SAWS has argued that the principle should apply to the EAA because of the importance of water.
“The key issue is whether a governmental entity like the EAA exercises governmental functions that essentially have an impact on the daily lives of ordinary citizens,” Kosub said. “We have always felt, and I think offered extensive evidence to show that the functions of the EAA are very broad.”
Kosub said SAWS does have “appellate options” but declined to say whether the utility will appeal the decision.

The court ruled that the Edwards Aquifer is not a general-purpose government entity, and therefore is not in violation of the equal protection clause of the Fourteenth Amendment of the United States Constitution. But this does not mean that Bexar County residents are being treated fairly by the Edwards Aquifer board.
San Antonio (Bexar County), small cities, farmers, and businesses are competing for the pumping and the free flow from the Edwards Aquifer water. Significant free flow of the Edwards Aquifer water is from the Comal and San Marcos springs.
The Edwards Aquifer was established by state law as a “conservation and reclamation district”. The court decision states “In this case, the primary purpose of the EAA is the management, protection, preservation, and conservation of the Edwards Aquifer, a unique and distinctive natural resource.” The Court states that section 1.01 of state law states …”the Edwards Aquifer is declared to be a distinctive natural resource, a unique aquifer, and not an underground stream…”
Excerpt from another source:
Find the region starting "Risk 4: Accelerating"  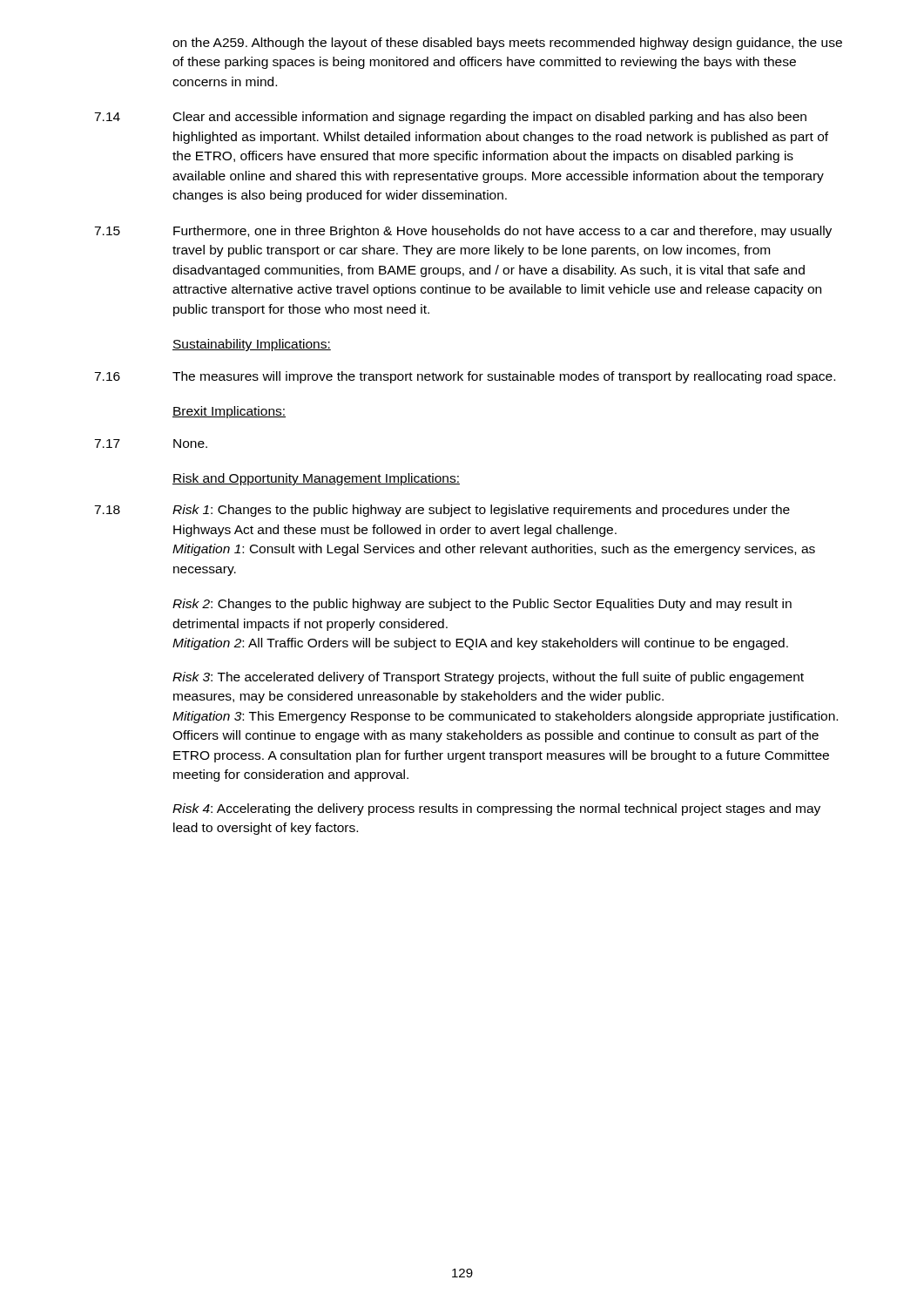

Will Bexar County residents pay for 100% or for a majority of the conservation? Will downstream cities and industry benefit with free Edwards Aquifer water from the Comal and San Marcos springs, while San Antonio pays for desalination, expensive new sources of water, and other conservation projects? Do a majority of the Edwards Aquifer board members have more incentive to protect and increase the flow of the springs, than implementing the right technology for conservation?
When it comes to allocations from the Edwards Aquifer, there is a long history of tension between SAWS and the needs of others who rely on the Edwards, which, most notably triggered a law suit by the Sierra Club in 1996 to protect endangered species at Comal and San Marcos springs by curtailing unlimited pumping by SAWS. Because of that lawsuit, the Edwards Aquifer Habitat Conservation Plan has a menu of programs, like the Voluntary Irrigating Suspension Program Option, designed to sensibly and fairly manage Edwards allocations with respect to the needs of all users during times of drought.
Maintaining the current balance on the Edwards Aquifer Board is, I believe, is crucial to maintaining the equitable management of this resource. SAWS customers use one third to one half of our water supplies to irrigate lawns. To accord greater weight to this purpose, over the needs agricultural interests in areas with less populations who may represent a higher and better use of Edwards water resources, would not serve our region well and would not represent the intent of those who created the Edwards Aquifer Authority.
Among other benefits of how the Edwards is currently managed is the preservation of spring fed rivers needed to maintain the balance of saline and fresh water in gulf coast bays and estuaries. A respect for the Edwards Aquifer and its watersheds as an interconnected ecosystem must be achieved for a best case scenario for regional management of this marvelous water resource.
Finally, to address Rudy’s concerns about San Antonians paying for new water supplies: SAWS has already committed to the Vista Ridge project, which requires SAWS customers to foot the bill for so much water that SAWS is seeking to sell the water for consumption outside of Bexar County. I agree that a serious conversation about SAWS expanding its role as a water supplier is needed. But, changing representation of the EAA Board would not ultimately achieve fair treatment of SAWS ratepayers.